Standing stone, Kilkinnikin, Co. Cork
Co. Cork |
Stone Monuments
A single stone rising from level pasture above Blackball Head, on the Cork coast, is easy to walk past without a second thought.
Look more closely, though, and the ground around its base gives something away: the tops of packing-stones are still visible, the ancient wedging material used to keep the upright stable when it was first erected, presumably thousands of years ago. That kind of quiet, accidental survival is what makes a site like this worth pausing over.
The stone itself is modest by the standards of prehistoric monuments: 1.5 metres long and around 28 centimetres wide, standing to a height of 1.3 metres, with an irregular cross-section rather than a neatly dressed profile. It is orientated roughly SSW to NNE, an alignment that may or may not have been intentional, though deliberate orientation is common enough among Irish standing stones to make the question worth asking.
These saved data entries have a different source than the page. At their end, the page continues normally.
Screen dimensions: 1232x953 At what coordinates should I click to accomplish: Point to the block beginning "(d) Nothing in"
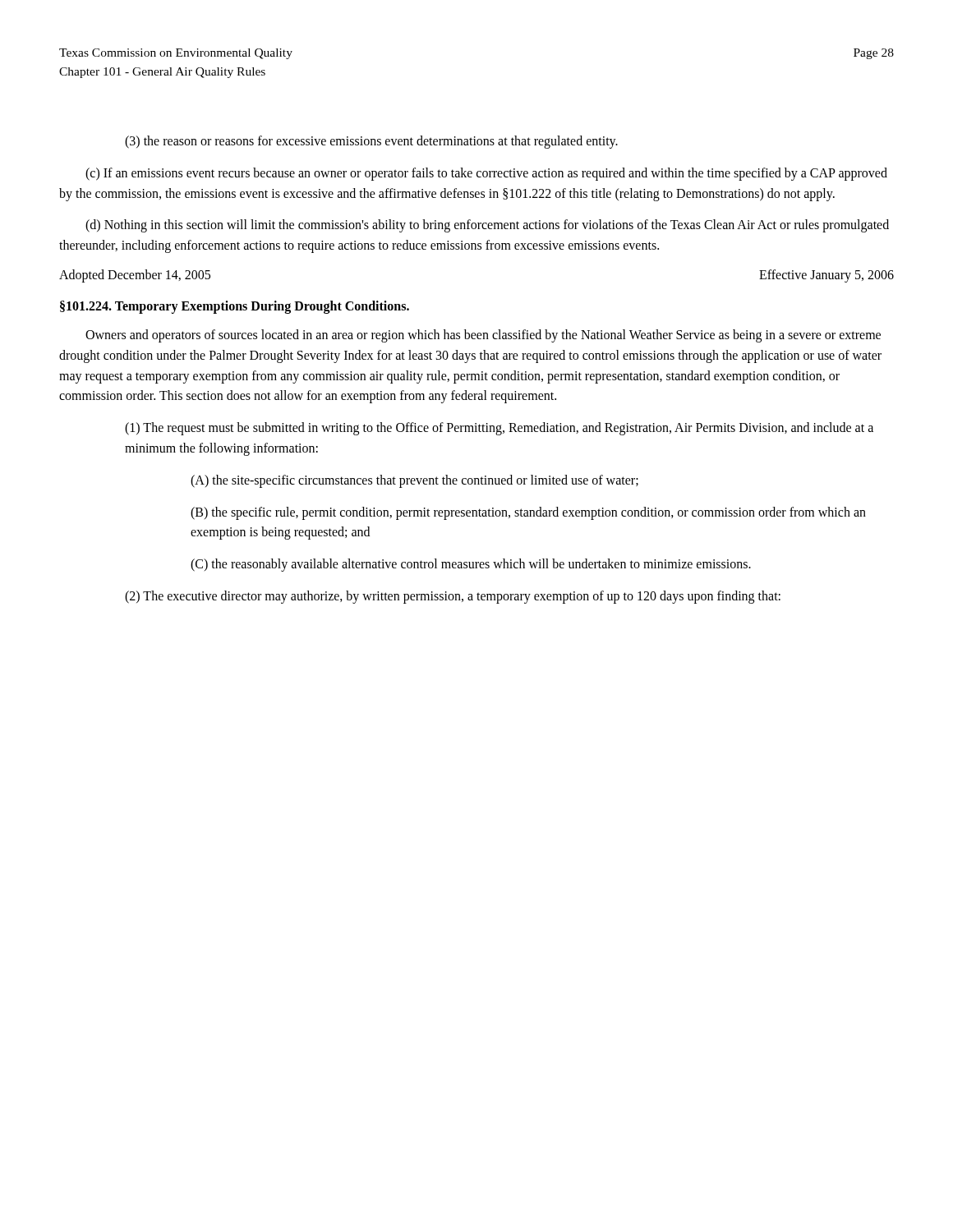[x=474, y=235]
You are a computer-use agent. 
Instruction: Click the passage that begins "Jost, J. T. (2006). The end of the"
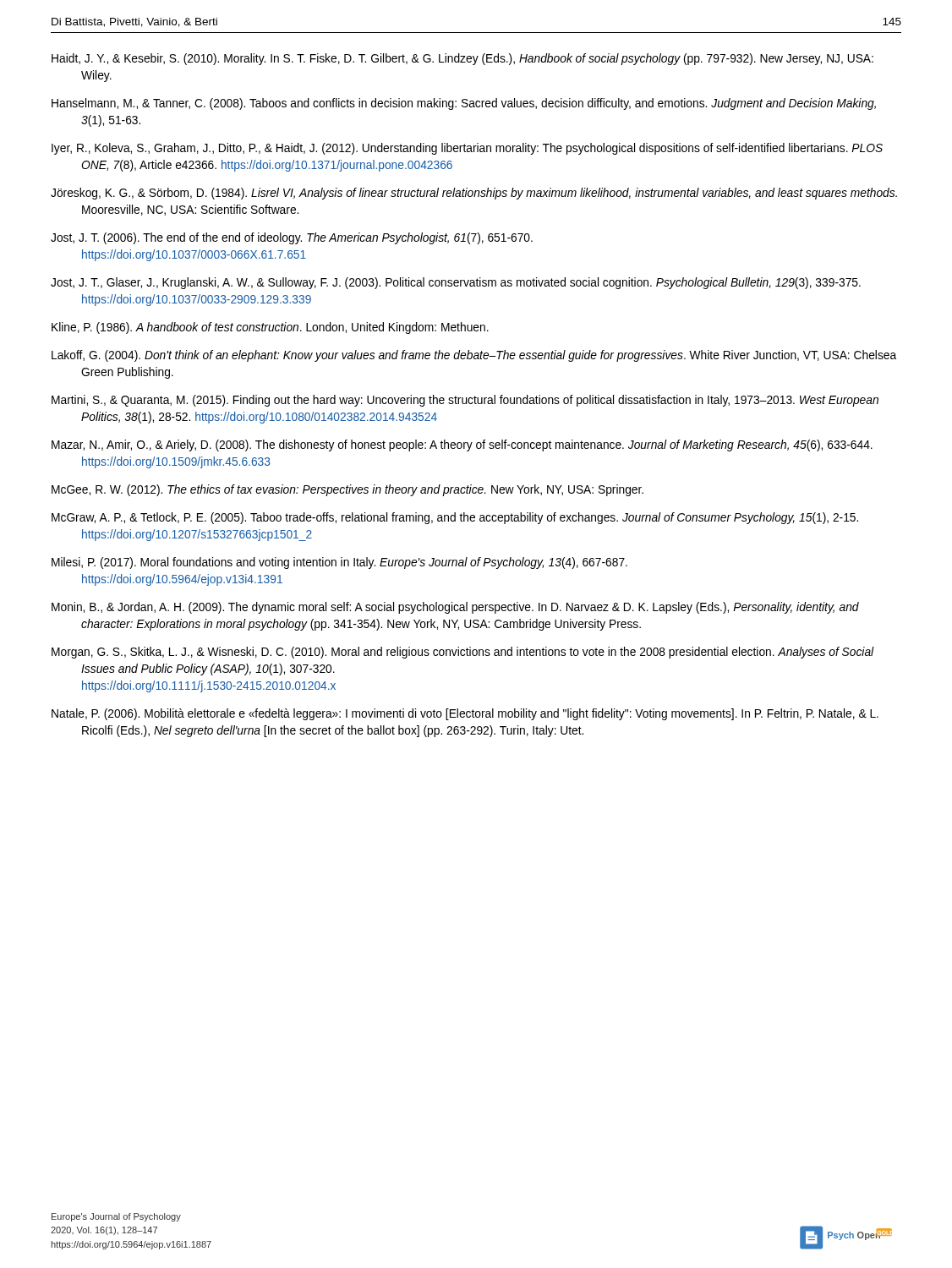coord(292,246)
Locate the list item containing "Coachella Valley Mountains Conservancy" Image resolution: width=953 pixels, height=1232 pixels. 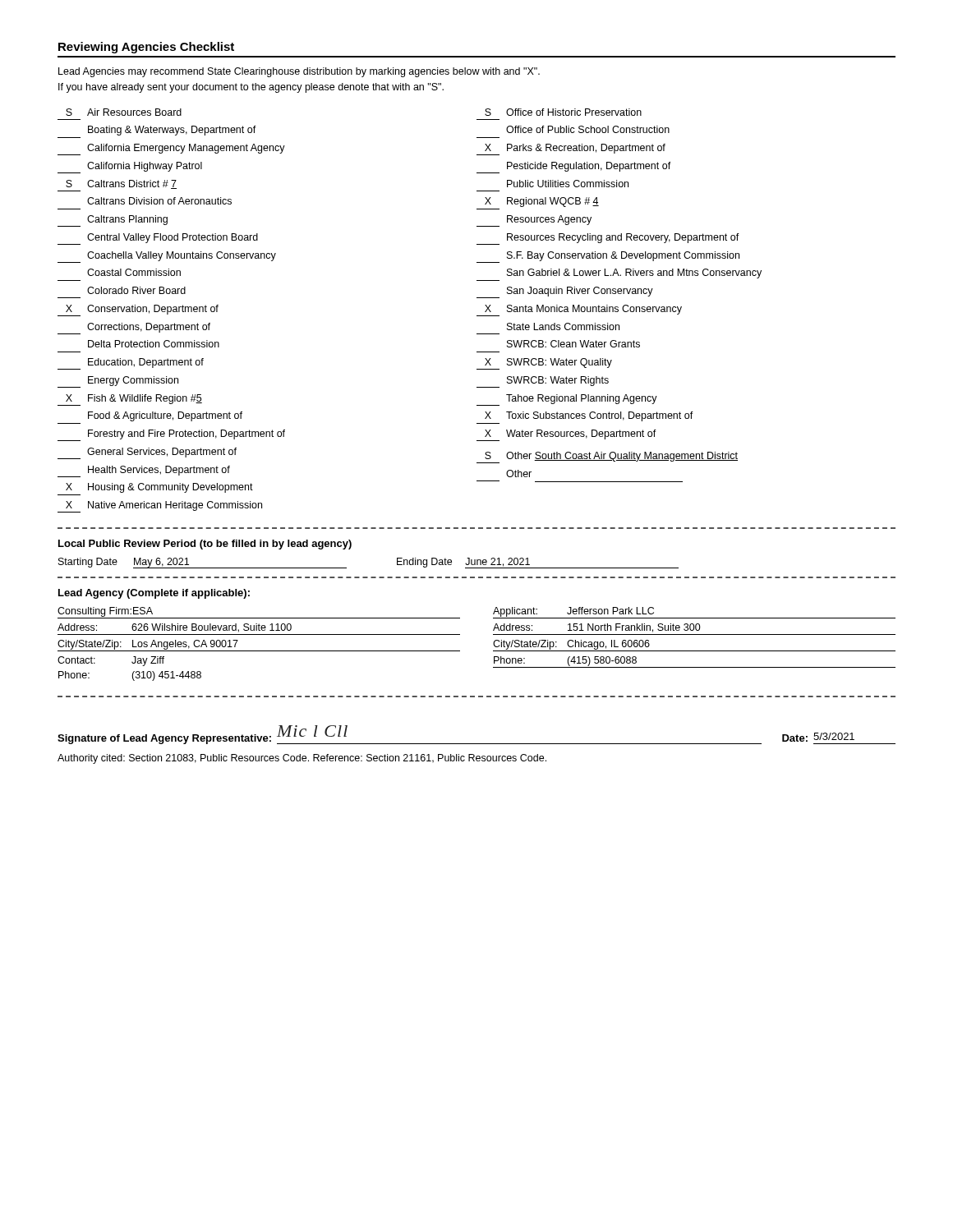tap(267, 255)
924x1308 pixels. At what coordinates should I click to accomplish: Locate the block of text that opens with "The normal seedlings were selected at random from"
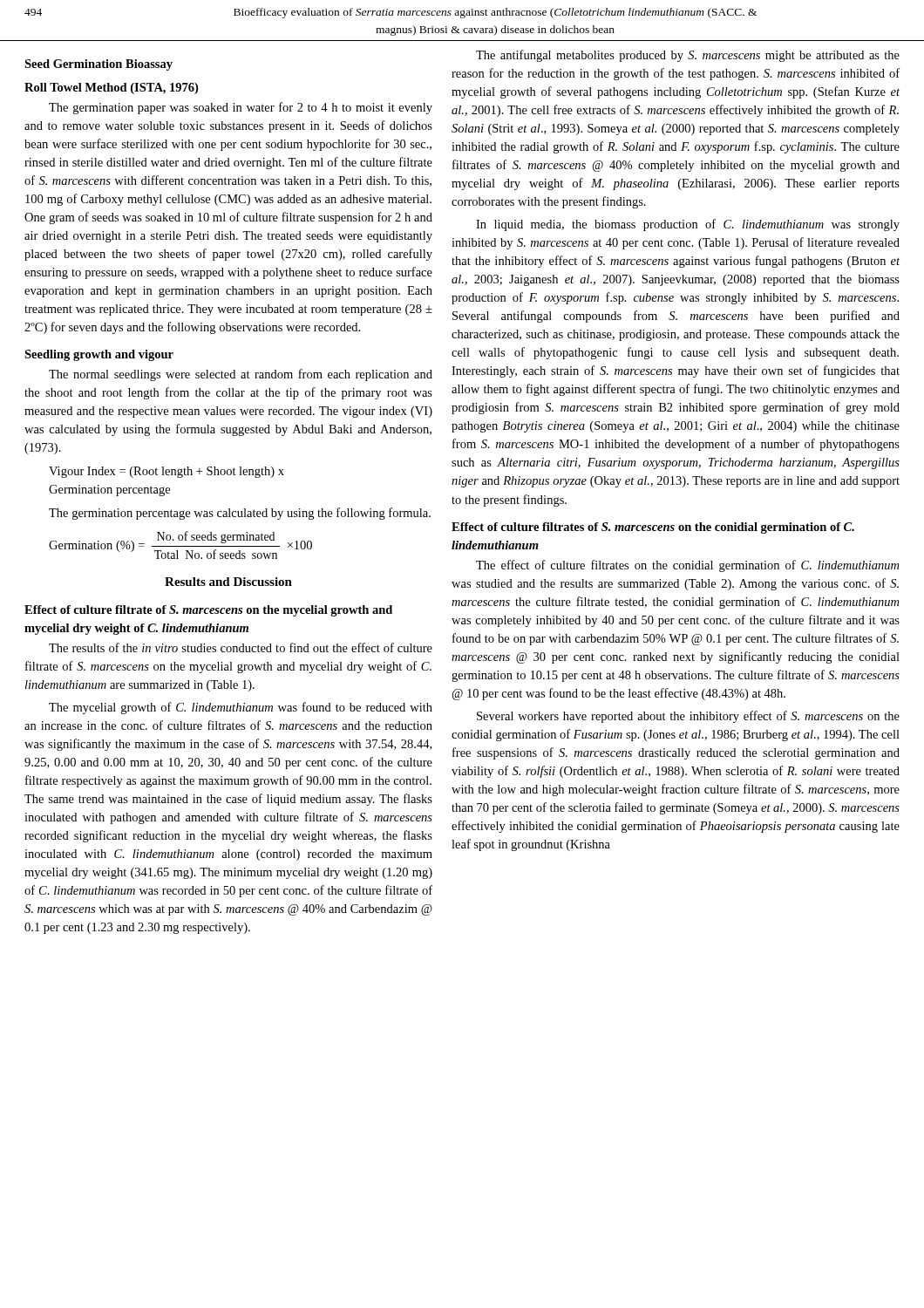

Standing stones, which date broadly to the Bronze Age in Ireland, were erected singly or in small groupings for purposes that remain genuinely uncertain; ritual, territorial marking, and commemoration have all been proposed. What gives this particular example an added layer of interest is its immediate surroundings. Just one metre to the north-east lies the remains of a hut site, a low circular or oval earthwork marking where a structure once stood. The proximity is unlikely to be accidental, though whether the two features are contemporary or separated by centuries is not something the ground surface alone can settle.